Journal of Plant Pathology & Microbiology

New Progress in the Phylogeny and Classification of the Largest Fern Family Dryopteridaceae

Li-Bing Zhang^* Department of Botany, Missouri Botanical Garden, 4344 Shaw Blvd, St Louis, MO, USA
^*Correspondence: Li-Bing Zhang, Department of Botany, Missouri Botanical Garden, 4344 Shaw Blvd, St Louis, MO, USA, Email:

Received: 13-Sep-2024, Manuscript No. JPPM-24-26925; Editor assigned: 16-Sep-2024, Pre QC No. JPPM-24-26925 (PQ); Reviewed: 30-Sep-2024, QC No. JPPM-24-26925; Revised: 22-Jun-2025, Manuscript No. JPPM-24-26925 (R); Published: 29-Jun-2025, DOI: 10.35248/2157-7471.25.16.762

Introduction

Current status

Ferns are the most diverse and abundant group among extant vascular plants, apart from angiosperms, with species numbering approximately five times that of gymnosperms and lycophytes combined. Although angiosperms dominate global ecosystems, ferns remain an important component of terrestrial plant ecosystems. With the rise of angiosperms during the Cretaceous period, other terrestrial plants gradually declined, but ferns evolved to adapt to various environments, resulting in morphological and species diversity within forests dominated by angiosperms. In the widely accepted classification for ferns, 48 families, 319 genera, and approximately 10,578 species of ferns (monilophytes, ferns) are recognized, with the core group Polypodiales (polypods) comprising over 250 genera and about 8,700 species [1].

Description

The family Dryopteridaceae, under the order Polypodiales, is the largest fern family, including over 2,100 species and some largest fern genera, e.g., Dryopteris adans, Polystichum Roth, accounting for one-fifth of all existing fern species. This family has a nearglobal distribution, with the highest diversity in temperate and tropical mountain regions. Plants of this family can be found in various habitats, from coastal areas to the alpine tree line. Most species in the family are terrestrial, while others are lithophytes, epiphytes, semi-epiphytes, or tropical climbing plants. The family exhibits a complex and diverse morphology (Figure 1), encompassing a wide range of forms seen within Polypodiales. Rhizomes can be creeping, erect, ascending, or occasionally climbing. The leaves can be monomorphic (not differentiated into fertile and sterile leaves, with both photosynthesis and spore production occurring on the same leaves) or dimorphic (with fertile and sterile leaves differing in shape), ranging from simple leaves to one to five times pinnately compound leaves.

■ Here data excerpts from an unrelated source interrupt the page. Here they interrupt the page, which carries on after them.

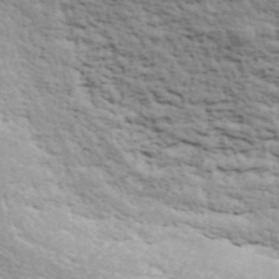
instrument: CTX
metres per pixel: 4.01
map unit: ANa
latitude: 40.8002
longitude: 30.2172
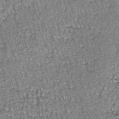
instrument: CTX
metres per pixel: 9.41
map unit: lHb
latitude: -38.6518
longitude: 66.8975
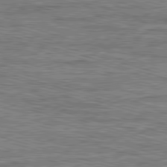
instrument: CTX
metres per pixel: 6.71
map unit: Ap
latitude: -82.1984
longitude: -69.9150
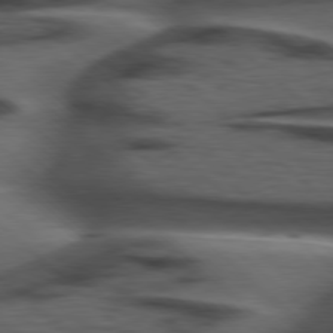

The veins can be pinnately arranged or reticulate, with sori usually clustered into round structures, occasionally scattered on the leaf underside, with or without an indusium [2-4].

Figure 1: Photographs of representative Dryopteridaceae taxa. A) Elaphoglossum yoshinagae (Yatabe) Makino; B) Bolbitis subcordata (Copel.) Ching; C) Olfersia cervina (L.) Kunze; D) Lomagramma sorbifolia (Willd.) Ching; E) Polybotrya altescandens C. Chr.; F) Stigmatopteris heterophlebia (Baker) R.C. Moran; G) Cyrtomium fortunei J. Sm.; H) Dryopteris wallichiana (Spreng.) Hyl.; I) Ctenitis decurrenti-pinnata (Ching) Tardieu and C. Chr.; J) Lastreopsis subrecedens Ching; K) Trichoneuron microlepioides Ching; L) Pleocnemia winitii Holttum.

Due to the worldwide distribution of the family, the uneven number of species across genera, and the complex morphological diversity, reconstructing the phylogeny of the family presents a significant challenge. He conducted a phylogenetic study of the family based on a comprehensive sampling, identifying three major clades and two subclades, and proposed a classification with three subfamilies (Dryopteridoideae, Elaphoglossoideae, and Polybotryoideae). However, several issues remained unresolved. First, the phylogenetic relationships among the three subfamilies were still not fully determined. Second, the systematic positions of the genera Ctenitis and Stigmatopteris remained unresolved and were temporarily placed in Dryopteridoideae and Polybotryoideae, respectively. Additionally, several smaller genera were not sampled in their study [5]. The PPG I classification accepted Liu et al.'s treatment, dividing the family into three subfamilies and 26 genera, with two genera of uncertain placement later proven to belong to the families Tectariaceae and Lomariopsidaceae.

New progress

In the most recent study (Zuo et al., in press) all the genera of Dryopteridaceae recognized by PPG I were sampled. Complete chloroplast genomes for 91 species of Dryopteridaceae were obtained and a highly supported phylogenetic tree for all extant genera within the family was reconstructed. The phylogenetic analysis revealed seven major clades within Dryopteridaceae, further subdivided into 24 clades (Figure 2).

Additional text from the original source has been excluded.